- SUPPLIED INFORMATION -

════════

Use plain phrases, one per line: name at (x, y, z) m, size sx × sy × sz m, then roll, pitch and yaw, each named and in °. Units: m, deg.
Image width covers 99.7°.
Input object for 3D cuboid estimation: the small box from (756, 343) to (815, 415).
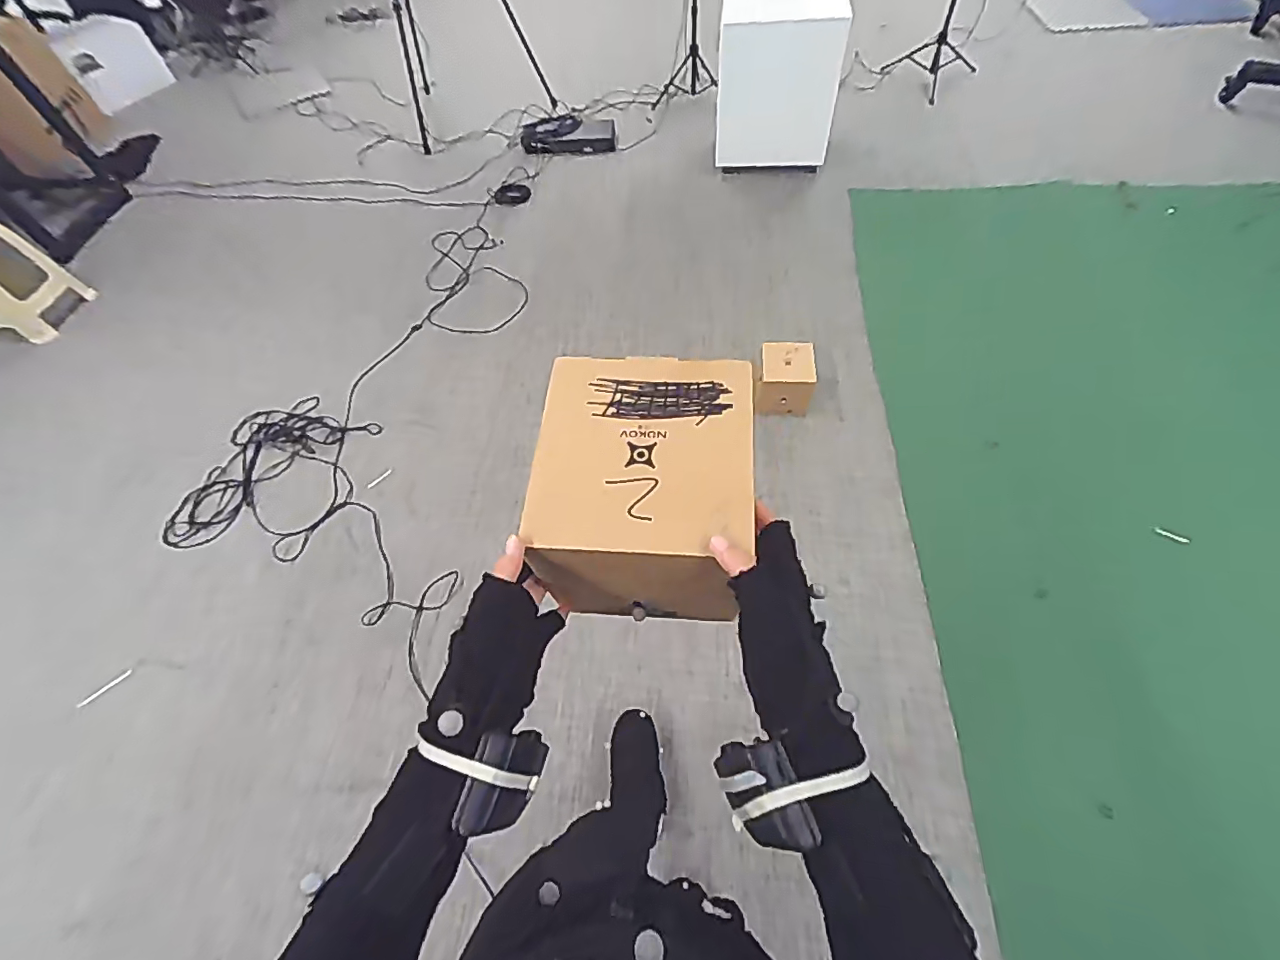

════════

- TASK INSTRUCTIONS -
Every line above goes into your copy exactly; no images go in.

- RESULT OF THE TASK -
Use plain phrases, one per line: name at (x, y, z) m, size sx × sy × sz m, then roll, pitch and yaw, each named and in °. Units: m, deg.
Image width covers 99.7°.
Input object for 3D cuboid estimation: the small box from (756, 343) to (815, 415).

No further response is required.